(Records drawn from a dataset)
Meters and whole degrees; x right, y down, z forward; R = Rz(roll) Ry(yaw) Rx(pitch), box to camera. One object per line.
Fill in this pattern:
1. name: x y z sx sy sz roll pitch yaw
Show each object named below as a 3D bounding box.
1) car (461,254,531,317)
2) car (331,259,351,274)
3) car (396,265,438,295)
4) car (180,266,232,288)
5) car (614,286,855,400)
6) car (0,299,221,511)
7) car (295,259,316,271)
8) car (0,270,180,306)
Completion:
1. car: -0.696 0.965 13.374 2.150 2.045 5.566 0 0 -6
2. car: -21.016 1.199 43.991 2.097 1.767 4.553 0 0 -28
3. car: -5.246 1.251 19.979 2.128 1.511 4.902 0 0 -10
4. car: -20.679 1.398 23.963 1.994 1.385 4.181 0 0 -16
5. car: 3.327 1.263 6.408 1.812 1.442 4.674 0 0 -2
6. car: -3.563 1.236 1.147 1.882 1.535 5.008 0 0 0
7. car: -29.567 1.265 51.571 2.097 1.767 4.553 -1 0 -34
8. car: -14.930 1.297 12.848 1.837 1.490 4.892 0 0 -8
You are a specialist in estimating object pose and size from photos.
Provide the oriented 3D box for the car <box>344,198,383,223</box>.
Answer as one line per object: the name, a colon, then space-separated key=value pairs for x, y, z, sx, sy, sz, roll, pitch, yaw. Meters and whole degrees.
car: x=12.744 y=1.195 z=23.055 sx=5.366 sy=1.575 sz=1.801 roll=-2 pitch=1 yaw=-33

...

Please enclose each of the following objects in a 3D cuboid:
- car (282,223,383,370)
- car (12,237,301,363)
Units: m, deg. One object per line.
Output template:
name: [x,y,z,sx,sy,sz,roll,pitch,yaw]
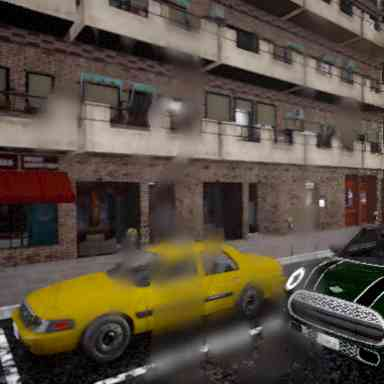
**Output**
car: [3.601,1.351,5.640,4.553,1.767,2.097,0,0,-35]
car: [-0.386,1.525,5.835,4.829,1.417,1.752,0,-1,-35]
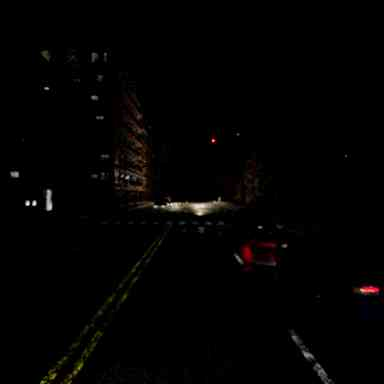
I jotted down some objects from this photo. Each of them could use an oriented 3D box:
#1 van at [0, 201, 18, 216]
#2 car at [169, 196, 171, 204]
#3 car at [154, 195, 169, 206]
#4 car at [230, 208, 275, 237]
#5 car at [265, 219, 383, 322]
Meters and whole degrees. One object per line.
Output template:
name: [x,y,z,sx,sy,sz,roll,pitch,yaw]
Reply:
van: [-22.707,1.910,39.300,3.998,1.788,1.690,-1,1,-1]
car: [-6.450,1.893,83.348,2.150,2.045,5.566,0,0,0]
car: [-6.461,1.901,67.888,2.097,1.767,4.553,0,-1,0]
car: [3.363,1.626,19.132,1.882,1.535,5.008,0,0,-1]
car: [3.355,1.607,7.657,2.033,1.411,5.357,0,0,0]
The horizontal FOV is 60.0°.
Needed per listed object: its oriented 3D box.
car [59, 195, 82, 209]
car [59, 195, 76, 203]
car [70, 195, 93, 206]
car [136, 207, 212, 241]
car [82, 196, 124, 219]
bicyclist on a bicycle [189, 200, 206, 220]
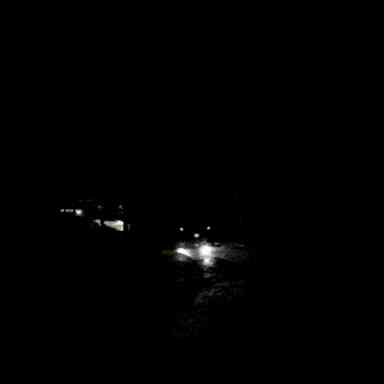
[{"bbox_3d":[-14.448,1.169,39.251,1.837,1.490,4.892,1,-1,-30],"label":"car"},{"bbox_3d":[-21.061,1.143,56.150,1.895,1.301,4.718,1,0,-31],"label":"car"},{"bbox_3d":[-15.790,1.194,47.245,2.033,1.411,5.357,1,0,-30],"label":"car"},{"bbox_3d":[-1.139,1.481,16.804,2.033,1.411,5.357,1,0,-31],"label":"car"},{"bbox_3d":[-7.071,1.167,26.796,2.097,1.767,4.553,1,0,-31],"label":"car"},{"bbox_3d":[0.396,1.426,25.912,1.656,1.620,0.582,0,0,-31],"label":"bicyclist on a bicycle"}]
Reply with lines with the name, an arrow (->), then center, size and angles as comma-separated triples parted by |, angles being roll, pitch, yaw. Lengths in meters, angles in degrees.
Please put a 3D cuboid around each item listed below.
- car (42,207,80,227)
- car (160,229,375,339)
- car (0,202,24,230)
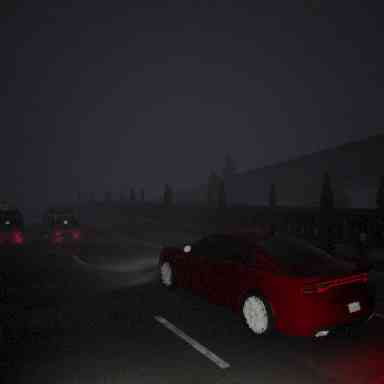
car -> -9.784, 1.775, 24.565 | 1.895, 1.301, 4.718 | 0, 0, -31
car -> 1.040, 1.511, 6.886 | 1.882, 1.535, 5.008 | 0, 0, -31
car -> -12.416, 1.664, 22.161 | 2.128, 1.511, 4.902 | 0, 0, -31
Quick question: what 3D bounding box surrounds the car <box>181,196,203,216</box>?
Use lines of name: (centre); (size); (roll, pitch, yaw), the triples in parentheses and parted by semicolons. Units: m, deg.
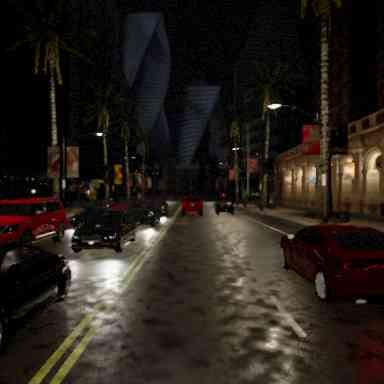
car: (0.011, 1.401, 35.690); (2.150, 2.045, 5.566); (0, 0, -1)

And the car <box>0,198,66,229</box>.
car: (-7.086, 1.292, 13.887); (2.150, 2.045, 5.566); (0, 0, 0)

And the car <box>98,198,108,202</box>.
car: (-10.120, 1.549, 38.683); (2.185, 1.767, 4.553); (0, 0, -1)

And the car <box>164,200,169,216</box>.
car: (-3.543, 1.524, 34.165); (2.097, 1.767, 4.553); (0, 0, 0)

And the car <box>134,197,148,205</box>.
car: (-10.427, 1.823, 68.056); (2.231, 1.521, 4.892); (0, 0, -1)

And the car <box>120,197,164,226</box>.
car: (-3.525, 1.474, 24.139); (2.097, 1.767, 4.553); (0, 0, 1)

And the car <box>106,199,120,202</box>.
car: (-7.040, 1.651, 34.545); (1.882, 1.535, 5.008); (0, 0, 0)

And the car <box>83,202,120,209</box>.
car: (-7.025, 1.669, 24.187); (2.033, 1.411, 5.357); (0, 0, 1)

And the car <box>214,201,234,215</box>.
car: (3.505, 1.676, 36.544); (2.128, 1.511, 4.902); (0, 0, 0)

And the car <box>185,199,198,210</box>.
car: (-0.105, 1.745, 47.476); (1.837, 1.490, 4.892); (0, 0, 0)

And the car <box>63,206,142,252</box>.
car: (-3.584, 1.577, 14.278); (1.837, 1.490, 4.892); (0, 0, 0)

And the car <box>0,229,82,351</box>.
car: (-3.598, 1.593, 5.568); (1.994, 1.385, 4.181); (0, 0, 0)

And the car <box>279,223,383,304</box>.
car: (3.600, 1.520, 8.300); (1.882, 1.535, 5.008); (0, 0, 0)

* REQUIRED ACTION: Count up the lines in the entries above where the word "cuboid" appears, and give the figure with nothing added.

* ANSWER: 2